Кто то нежным и тихим голосом назвал ее со стороны сада и поцеловал в голову. Она оглянулась. Это была m lle Bourienne, в черном платье и плерезах. Она тихо подошла к княжне Марье, со вздохом поцеловала ее и тотчас же заплакала. Княжна Марья оглянулась на нее. Все прежние столкновения с нею, ревность к ней, вспомнились княжне Марье; вспомнилось и то, как он последнее время изменился к m lle Bourienne, не мог ее видеть, и, стало быть, как несправедливы были те упреки, которые княжна Марья в душе своей делала ей. «Да и мне ли, мне ли, желавшей его смерти, осуждать кого нибудь! – подумала она.
Княжне Марье живо представилось положение m lle Bourienne, в последнее время отдаленной от ее общества, но вместе с тем зависящей от нее и живущей в чужом доме. И ей стало жалко ее. Она кротко вопросительно посмотрела на нее и протянула ей руку. M lle Bourienne тотчас заплакала, стала целовать ее руку и говорить о горе, постигшем княжну, делая себя участницей этого горя. Она говорила о том, что единственное утешение в ее горе есть то, что княжна позволила ей разделить его с нею. Она говорила, что все бывшие недоразумения должны уничтожиться перед великим горем, что она чувствует себя чистой перед всеми и что он оттуда видит ее любовь и благодарность. Княжна слушала ее, не понимая ее слов, но изредка взглядывая на нее и вслушиваясь в звуки ее голоса.
– Ваше положение вдвойне ужасно, милая княжна, – помолчав немного, сказала m lle Bourienne. – Я понимаю, что вы не могли и не можете думать о себе; но я моей любовью к вам обязана это сделать… Алпатыч был у вас? Говорил он с вами об отъезде? – спросила она.
Княжна Марья не отвечала. Она не понимала, куда и кто должен был ехать. «Разве можно было что нибудь предпринимать теперь, думать о чем нибудь? Разве не все равно? Она не отвечала.
– Вы знаете ли, chere Marie, – сказала m lle Bourienne, – знаете ли, что мы в опасности, что мы окружены французами; ехать теперь опасно. Ежели мы поедем, мы почти наверное попадем в плен, и бог знает…
Княжна Марья смотрела на свою подругу, не понимая того, что она говорила.
– Ах, ежели бы кто нибудь знал, как мне все все равно теперь, – сказала она. – Разумеется, я ни за что не желала бы уехать от него… Алпатыч мне говорил что то об отъезде… Поговорите с ним, я ничего, ничего не могу и не хочу…

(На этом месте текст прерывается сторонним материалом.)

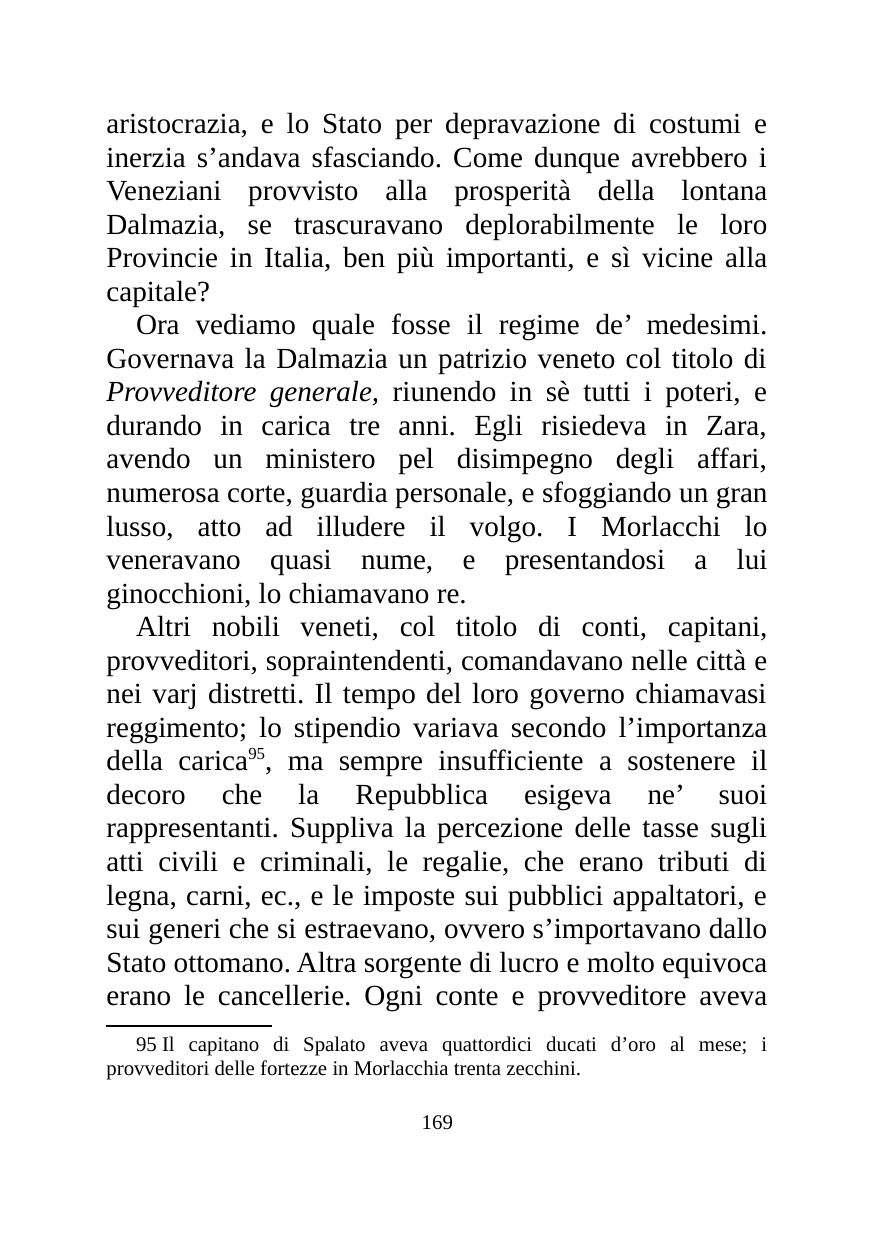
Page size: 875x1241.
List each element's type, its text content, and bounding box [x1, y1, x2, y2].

text Altri nobili veneti, col titolo di conti, capitani, provveditori, sopraintendenti, comandavano nelle città e nei varj distretti. Il tempo del loro governo chiamavasi reggimento; lo stipendio variava secondo l’importanza della carica, ma sempre insufficiente a sostenere il decoro che la Repubblica esigeva ne’ suoi rappresentanti. Suppliva la percezione delle tasse sugli atti civili e criminali, le regalie, che erano tributi di legna, carni, ec., e le imposte sui pubblici appaltatori, e sui generi che si estraevano, ovvero s’importavano dallo Stato ottomano. Altra sorgente di lucro e molto equivoca erano le cancellerie. Ogni conte e provveditore aveva [106, 609, 768, 1012]
text aristocrazia, e lo Stato per depravazione di costumi e inerzia s’andava sfasciando. Come dunque avrebbero i Veneziani provvisto alla prosperità della lontana Dalmazia, se trascuravano deplorabilmente le loro Provincie in Italia, ben più importanti, e sì vicine alla capitale? [106, 106, 768, 307]
text Il capitano di Spalato aveva quattordici ducati d’oro al mese; i provveditori delle fortezze in Morlacchia trenta zecchini. [106, 1032, 768, 1080]
text Ora vediamo quale fosse il regime de’ medesimi. Governava la Dalmazia un patrizio veneto col titolo di Provveditore generale, riunendo in sè tutti i poteri, e durando in carica tre anni. Egli risiedeva in Zara, avendo un ministero pel disimpegno degli affari, numerosa corte, guardia personale, e sfoggiando un gran lusso, atto ad illudere il volgo. I Morlacchi lo veneravano quasi nume, e presentandosi a lui ginocchioni, lo chiamavano re. [106, 307, 768, 609]

– Я говорила с ним. Он надеется, что мы успеем уехать завтра; но я думаю, что теперь лучше бы было остаться здесь, – сказала m lle Bourienne. – Потому что, согласитесь, chere Marie, попасть в руки солдат или бунтующих мужиков на дороге – было бы ужасно. – M lle Bourienne достала из ридикюля объявление на нерусской необыкновенной бумаге французского генерала Рамо о том, чтобы жители не покидали своих домов, что им оказано будет должное покровительство французскими властями, и подала ее княжне.